We finish the proof of the lemma using a case distinction on the size of \(T_3\). By Claim 3, \(T_2\) contains no more than three jobs. Moreover, \(\lceil 12(2-c)\rceil = 3\), which is a quantity used in Claim 5.

  • \(|T_3|=0\): Then by Claim 2 is suffices to remove \(T_2\) and the last job of \(T_1\) assigned to \(M_j\).

  • \(|T_3|= 1\): We may assume that the only job \(J_l\in T_3\) has a processing time of at least 1 / 6L since otherwise by Claim 8 no job has to be removed. Moreover, we may assume that \(|T_2|=3\) since otherwise, by Claim 2 it suffices to remove \(T_2\cup T_3\) and the last job of \(T_1\) assigned to \(M_j\). If all the jobs of \(T_2\) have a processing time of at least 1 / 6L, then Claim 5 ensures that it suffices to remove \(T_2\cup T_3\). If one job in \(T_2\) has a processing time of at most 1 / 6L, then Claim 9 ensures that it suffices to remove the other two jobs of \(T_2\) and \(T_3\).

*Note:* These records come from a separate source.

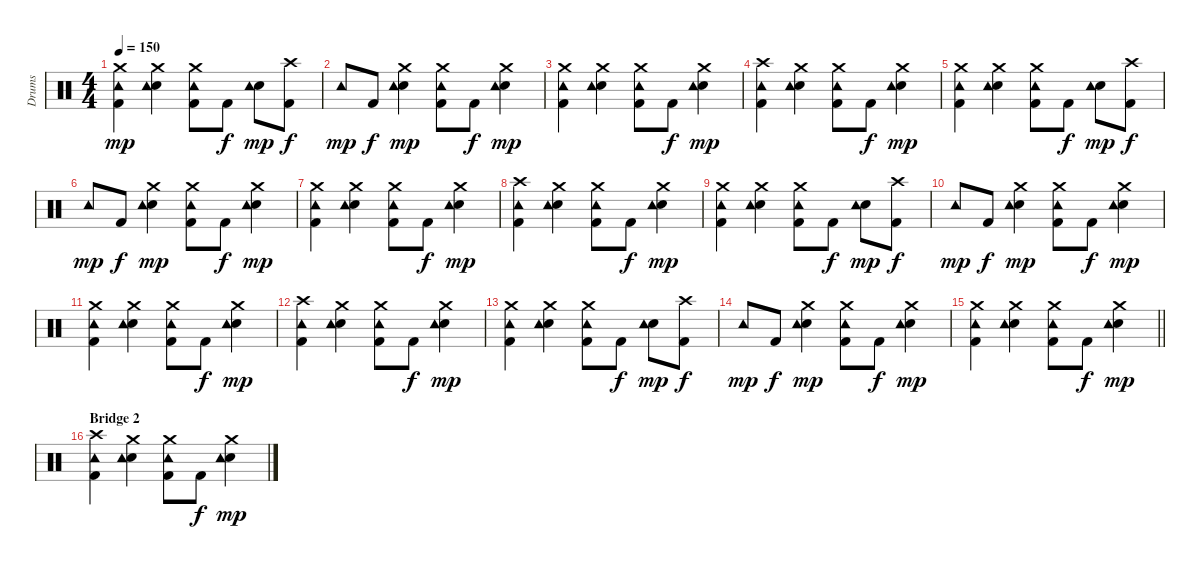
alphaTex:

\track ("Drums" "Drums") {instrument percussion}
\staff {score}
\articulation defaults
\ts (4 4)
\tempo 150
\clef neutral
\ks c
("Crash medium (hit)" "Kick (hit) 2" "Tambourine (hit)").4{dy mp} ("Crash medium (hit)" "Snare (hit) 2" "Tambourine (hit)").4 ("Crash medium (hit)" "Kick (hit) 2" "Tambourine (hit)").8 "Kick (hit) 2".8{dy f} ("Snare (hit) 2" "Tambourine (hit)").8{dy mp} ("Crash high (hit)" "Kick (hit) 2").8{dy f} |
"Tambourine (hit)".8{dy mp} "Kick (hit) 2".8{dy f} ("Crash medium (hit)" "Snare (hit) 2" "Tambourine (hit)").4{dy mp} ("Crash medium (hit)" "Kick (hit) 2" "Tambourine (hit)").8 "Kick (hit) 2".8{dy f} ("Crash medium (hit)" "Snare (hit) 2" "Tambourine (hit)").4{dy mp} |
("Crash medium (hit)" "Kick (hit) 2" "Tambourine (hit)").4 ("Crash medium (hit)" "Snare (hit) 2" "Tambourine (hit)").4 ("Crash medium (hit)" "Kick (hit) 2" "Tambourine (hit)").8 "Kick (hit) 2".8{dy f} ("Crash medium (hit)" "Snare (hit) 2" "Tambourine (hit)").4{dy mp} |
("Crash high (hit)" "Kick (hit) 2" "Tambourine (hit)").4 ("Crash medium (hit)" "Snare (hit) 2" "Tambourine (hit)").4 ("Crash medium (hit)" "Kick (hit) 2" "Tambourine (hit)").8 "Kick (hit) 2".8{dy f} ("Crash medium (hit)" "Snare (hit) 2" "Tambourine (hit)").4{dy mp} |
("Crash medium (hit)" "Kick (hit) 2" "Tambourine (hit)").4 ("Crash medium (hit)" "Snare (hit) 2" "Tambourine (hit)").4 ("Crash medium (hit)" "Kick (hit) 2" "Tambourine (hit)").8 "Kick (hit) 2".8{dy f} ("Snare (hit) 2" "Tambourine (hit)").8{dy mp} ("Crash high (hit)" "Kick (hit) 2").8{dy f} |
"Tambourine (hit)".8{dy mp} "Kick (hit) 2".8{dy f} ("Crash medium (hit)" "Snare (hit) 2" "Tambourine (hit)").4{dy mp} ("Crash medium (hit)" "Kick (hit) 2" "Tambourine (hit)").8 "Kick (hit) 2".8{dy f} ("Crash medium (hit)" "Snare (hit) 2" "Tambourine (hit)").4{dy mp} |
("Crash medium (hit)" "Kick (hit) 2" "Tambourine (hit)").4 ("Crash medium (hit)" "Snare (hit) 2" "Tambourine (hit)").4 ("Crash medium (hit)" "Kick (hit) 2" "Tambourine (hit)").8 "Kick (hit) 2".8{dy f} ("Crash medium (hit)" "Snare (hit) 2" "Tambourine (hit)").4{dy mp} |
("Crash high (hit)" "Kick (hit) 2" "Tambourine (hit)").4 ("Crash medium (hit)" "Snare (hit) 2" "Tambourine (hit)").4 ("Crash medium (hit)" "Kick (hit) 2" "Tambourine (hit)").8 "Kick (hit) 2".8{dy f} ("Crash medium (hit)" "Snare (hit) 2" "Tambourine (hit)").4{dy mp} |
("Crash medium (hit)" "Kick (hit) 2" "Tambourine (hit)").4 ("Crash medium (hit)" "Snare (hit) 2" "Tambourine (hit)").4 ("Crash medium (hit)" "Kick (hit) 2" "Tambourine (hit)").8 "Kick (hit) 2".8{dy f} ("Snare (hit) 2" "Tambourine (hit)").8{dy mp} ("Crash high (hit)" "Kick (hit) 2").8{dy f} |
"Tambourine (hit)".8{dy mp} "Kick (hit) 2".8{dy f} ("Crash medium (hit)" "Snare (hit) 2" "Tambourine (hit)").4{dy mp} ("Crash medium (hit)" "Kick (hit) 2" "Tambourine (hit)").8 "Kick (hit) 2".8{dy f} ("Crash medium (hit)" "Snare (hit) 2" "Tambourine (hit)").4{dy mp} |
("Crash medium (hit)" "Kick (hit) 2" "Tambourine (hit)").4 ("Crash medium (hit)" "Snare (hit) 2" "Tambourine (hit)").4 ("Crash medium (hit)" "Kick (hit) 2" "Tambourine (hit)").8 "Kick (hit) 2".8{dy f} ("Crash medium (hit)" "Snare (hit) 2" "Tambourine (hit)").4{dy mp} |
("Crash high (hit)" "Kick (hit) 2" "Tambourine (hit)").4 ("Crash medium (hit)" "Snare (hit) 2" "Tambourine (hit)").4 ("Crash medium (hit)" "Kick (hit) 2" "Tambourine (hit)").8 "Kick (hit) 2".8{dy f} ("Crash medium (hit)" "Snare (hit) 2" "Tambourine (hit)").4{dy mp} |
("Crash medium (hit)" "Kick (hit) 2" "Tambourine (hit)").4 ("Crash medium (hit)" "Snare (hit) 2" "Tambourine (hit)").4 ("Crash medium (hit)" "Kick (hit) 2" "Tambourine (hit)").8 "Kick (hit) 2".8{dy f} ("Snare (hit) 2" "Tambourine (hit)").8{dy mp} ("Crash high (hit)" "Kick (hit) 2").8{dy f} |
"Tambourine (hit)".8{dy mp} "Kick (hit) 2".8{dy f} ("Crash medium (hit)" "Snare (hit) 2" "Tambourine (hit)").4{dy mp} ("Crash medium (hit)" "Kick (hit) 2" "Tambourine (hit)").8 "Kick (hit) 2".8{dy f} ("Crash medium (hit)" "Snare (hit) 2" "Tambourine (hit)").4{dy mp} |
\barLineRight lightlight
("Crash medium (hit)" "Kick (hit) 2" "Tambourine (hit)").4 ("Crash medium (hit)" "Snare (hit) 2" "Tambourine (hit)").4 ("Crash medium (hit)" "Kick (hit) 2" "Tambourine (hit)").8 "Kick (hit) 2".8{dy f} ("Crash medium (hit)" "Snare (hit) 2" "Tambourine (hit)").4{dy mp} |
\section ("" "Bridge 2")
("Crash high (hit)" "Kick (hit) 2" "Tambourine (hit)").4 ("Crash medium (hit)" "Snare (hit) 2" "Tambourine (hit)").4 ("Crash medium (hit)" "Kick (hit) 2" "Tambourine (hit)").8 "Kick (hit) 2".8{dy f} ("Crash medium (hit)" "Snare (hit) 2" "Tambourine (hit)").4{dy mp}

  • \(|T_3|= 2\): We assume that both jobs in \(T_3\) have a processing time of at least 1 / 6L since otherwise, by Claim 8, we can just remove one job of \(T_3\) and \(T_2\). If \(|T_2|=1\), then by Claim 2 it suffices to remove \(T_2\cup T_3\) and the last job of \(T_1\) assigned to \(M_j\). It remains to consider the case \(|T_2|\ge 2\). If none of the jobs in \(T_2\) has a processing time smaller than 1 / 6L, then Claim 5 applies. If one of the jobs has a processing time smaller than 1 / 6L, then Claim 9 applies and it suffices to remove the at most two other jobs of \(T_2\) and the jobs of \(T_3\).

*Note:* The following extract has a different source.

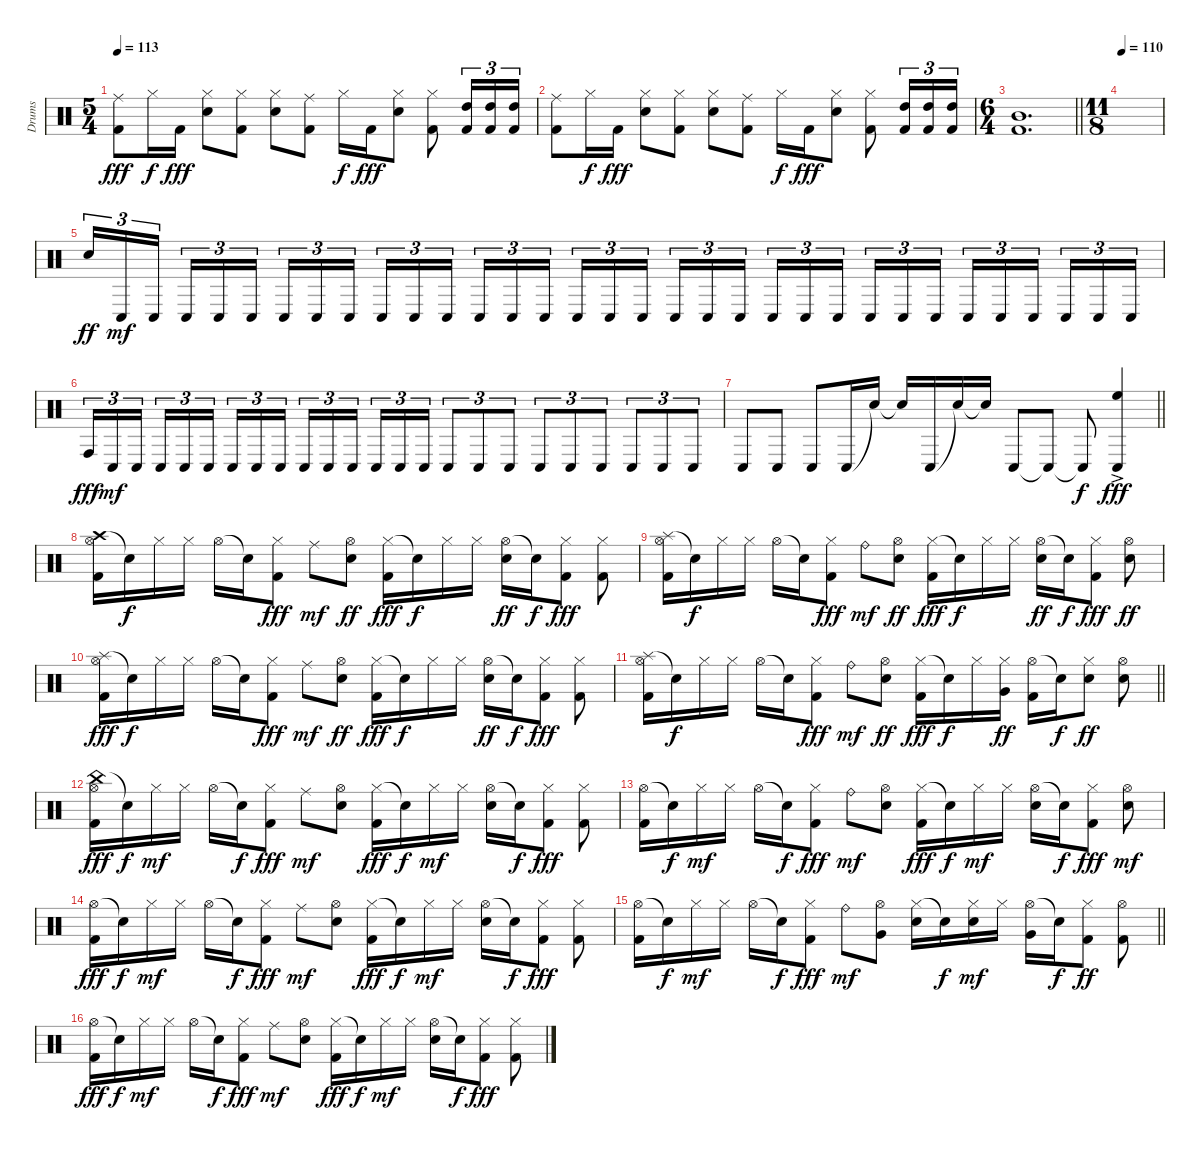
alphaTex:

  • \(|T_3|= 3\): Again we assume that all jobs in \(T_3\) have a processing time of at least 1 / 6L since otherwise the desired statement follows from Claim 8. Moreover, we assume \(|T_2|>0\); otherwise we can apply again Claim 2. If there is one job in \(T_2\) having a processing time of at least 1 / 6L, the desired number of job removals follows from Claim 5. If this is not the case, then Claim 9 ensures that it suffices to remove the last job of \(T_2\) assigned to \(M_j\) as well as \(T_3\).

  • \(|T_3|\ge 4\): If four jobs in \(T_3\) have a processing time of at least 1 / 6L, then by Claim 5 it is sufficient to remove these four jobs. If at most three jobs have a processing time of at least 1 / 6L, then let \(J_l\in T_3\) be last jobs assigned to \(M_j\) having a processing time smaller than 1 / 6L. By Claim 8 it suffices to remove the jobs of \(T_3\) subsequently assigned to \(M_j\), and there exist at most three of these.

This concludes the proof. \(\square \)

Recall that ALG(1.75) migrates \(\lceil m/2\rceil \) jobs from machines in B. Hence, using the above Lemma 12, we obtain that the total number of migrations is at most \(4\lfloor m/2\rfloor + \lceil m/2\rceil \le 2.5m\). Combined with Theorem 3, this finishes the proof of Theorem 5.